Impulse bound, Jamison reaches out to her with his left hand, palm splayed open. When the silky feel of her hair kisses his fingertips, he lets a lock or two curl around his thumb. It's so wonderfully soft; such a jarring comparison to the lancing stitch beneath his ribs and the aches in his muscles and all the sharp ridges and angles patchworking him together.
He is so very glad she's safe.
"If you really wish to thank me," she says, a hushed and tranquil promise, "you can do so by getting better. You won't return to your full strength if you don't rest. I don't think I need to remind you that all of our demolition expertise pends on your health."
It is hesitant at first, but her fingers begin to comb through his hair. Gentle chills skip down his neck as her nails scritch along his scalp in small circles, starting at the top of his widow's peak before threading through mussed shocks of blond. Every now and then she pauses to scrub down to his ear, tucking aside stray pieces upon the pillow, and then returns to a slow, steady caress through the rest.
Gradually, his pulse reclines from its hammering haste. The tender touches of her fingertips continue in calming patterns, tracing along his hairline and up through disheveled strands and down in between the roots, and he leans into every movement. The dire need for rest burns back behind his eyelids, and if he weren't still absently coiling sable ringlets around his own fingers, preoccupied by the sheer satisfaction of touching her, of hearing her voice sculpted in concern, of being so close, he wouldn't be able to resist.

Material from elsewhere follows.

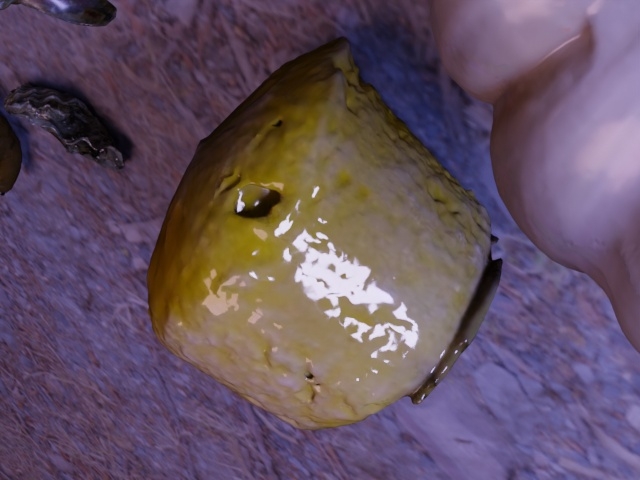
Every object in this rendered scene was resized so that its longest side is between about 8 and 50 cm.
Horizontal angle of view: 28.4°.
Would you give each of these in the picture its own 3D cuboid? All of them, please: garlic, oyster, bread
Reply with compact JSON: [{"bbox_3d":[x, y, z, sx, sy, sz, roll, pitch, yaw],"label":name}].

"You are still fighting it, aren't you?" Her tone is accusing, yet amused.
Jamison cracks one eye open. "What gave you that idea?"
"I'm not certain. Is it perhaps the very obvious and frustrating fact that you aren't asleep just yet?" Her palm slides over his forehead to cover his eyes, blotting out the room's sharp, prickling light. "Focus on rest, please. You need it. If not for your sake, then for the others. They do rely on you, you know."
"Mm. Maybe." He lets his hand droop back down to the sheets. "Can't make any promises."
"I assume that is as close to an agreement as I'm likely to get. It's better than your usual stubborn approach, at least. A marked improvement, all things considered. Still…"
A pensive sigh exhales beside him, and then the pleasant sensation of prosthetic fingertips parting through his hair ushers tiny jolts of frisson across his scalp. Her palm still lies warm and soft and dark over the bridge of his nose, as if to somehow protect him from the room's stark white intensity, and the faint fragrance of her soap enfolds him in a strange kind of tenderness, reminiscent of hot summer nights and warm rain showers and shy moments kept close in sequestered secrets.
"You madman," she murmurs. "What on earth were you thinking, throwing yourself into danger like that?"
Fatigue has long since settled in, but when he shifts his head to the left, he still manages a brief glimpse between her fingers. Satya peers down at him with a crease in her brow, the vibrant sapphire of her saree crest upon her like a watercolor halo. The bluish glow from her palm filters through: the barrier, the pressure; the familiar, guiding light.
"Better me than you," he says.
Silence follows, but she does not stop. The delicate movements capture all of her missing words and scrub them through blond snarls and charcoal tips, letting them pool into him with every press of her palm. It asserts a command he can almost hear: Don't you ever do that again, a command he has no intention of obeying, not as long as she's near.
Jamison slowly sinks into sleep, content, her fingers still tangled in his hair.